# North Korea- Brink of War?



## Marauder06 (Apr 3, 2008)

Li'l Kim running his suck again:

http://edition.cnn.com/2008/WORLD/asiapcf/04/03/koreas.military/index.html?iref=mpstoryview

_*North Korea cut off dialogue with South Korea on Thursday, claiming the peninsula is on the brink of another war.

North Korea is taking aim at South Korea, claiming the peninsula is on the brink of another war.

 North Korea also accused South Korea of driving their relationship to "confrontation and catastrophe." The country said it was stopping dialogue after South Korea failed to apologize for remarks one of its generals made this week. *_


----------



## Chopstick (Apr 3, 2008)

"The two countries have technically remained in a state of war since the Korean War ended in 1953, although relations have warmed somewhat in the last eight years.
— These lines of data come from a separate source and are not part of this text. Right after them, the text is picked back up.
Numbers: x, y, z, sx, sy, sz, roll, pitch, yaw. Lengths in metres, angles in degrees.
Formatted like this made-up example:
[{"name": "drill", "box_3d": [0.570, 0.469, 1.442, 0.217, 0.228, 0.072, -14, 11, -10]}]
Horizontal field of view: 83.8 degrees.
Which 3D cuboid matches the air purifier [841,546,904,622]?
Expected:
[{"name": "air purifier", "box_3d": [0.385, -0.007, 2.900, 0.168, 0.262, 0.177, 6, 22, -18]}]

The Korean conflict ended in a truce, but no formal peace treaty was ever signed"
 It was a cease fire anyway..it wouldnt last....


----------



## RackMaster (Apr 3, 2008)

Some one needs to pop that fucker in the skull with some lead.


----------



## Marauder06 (Apr 3, 2008)

Time to call Team America.


----------



## Crusader74 (Apr 3, 2008)

Marauder06 said:


> Time to call Team America.





FUCK YEAH!!


----------



## moobob (Apr 3, 2008)

I would love to open a can of whoop ass on Kim Jung Irrrrr.

However, I'm not too keen hanging around for the initial volley of chemical rockets.


----------